Remember when the blanket term for gender bias was simply “glass ceiling”?
As my colleague Jessica Bennett wrote in a front-page story thisweek, that term — ever-present in Clinton’s campaigns — seems to be a relic of a different era, replaced by a variety of more nuanced expressions to describe the barriers of race and gender.
[READ MORE: Who Still Calls it a ‘Glass Ceiling’? Not the 6 Women Running for President]
Alexandria Ocasio-Cortez, the 29-year-old Congresswoman from New York, prefers to “break the table” and “build our own house.”

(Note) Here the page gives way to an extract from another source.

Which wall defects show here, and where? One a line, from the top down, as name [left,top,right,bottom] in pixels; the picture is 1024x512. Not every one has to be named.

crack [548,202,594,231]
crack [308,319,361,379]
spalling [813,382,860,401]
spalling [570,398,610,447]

Ayanna S. Pressley, the first black woman elected to Congress from Massachusetts, has noted that women of color candidates face not simply a “glass ceiling” but a “concrete” one — struggling to overcome both racial and gender biases. “Double jeopardy” is another term to describe the double whammy of discrimination black women face. (The term “bamboo ceiling” has been used to refer to the unique challenges Asian-Americans face.)
There is also the “likability trap” to talk about the challenges female leaders face by having to prove they are tough and likable at once. Similarly, a “double-bind” is when women are disliked for being direct and decisive, but are not seen as leaders when nice and nurturing.

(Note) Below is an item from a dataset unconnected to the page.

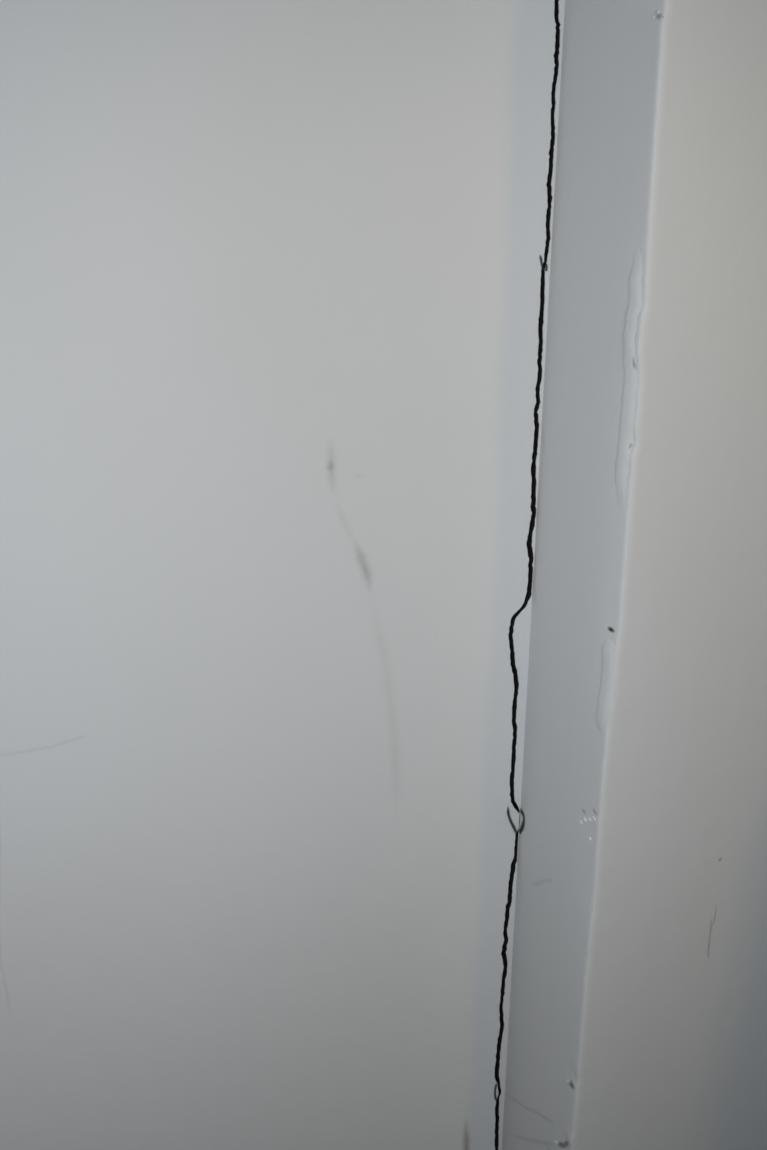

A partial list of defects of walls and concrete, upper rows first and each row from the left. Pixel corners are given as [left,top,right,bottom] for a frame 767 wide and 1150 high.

crack [494,0,560,1150]

And there’s the “motherhood penalty,” for the disadvantages, financial and otherwise, specific to mothers who work outside the home (as relative to their childless peers).
Why is this generation of influential women seeking different language to express themselves?
“Words have their moments, especially colloquialisms,” Robin Lakoff, whose 1975 book, “Language and Woman’s Place,” helped create the field of gender linguistics, told Bennett. “Often, after a word or phrase gets a lot of use, people simply stop using it — because we like to sound original and this one seems tired.”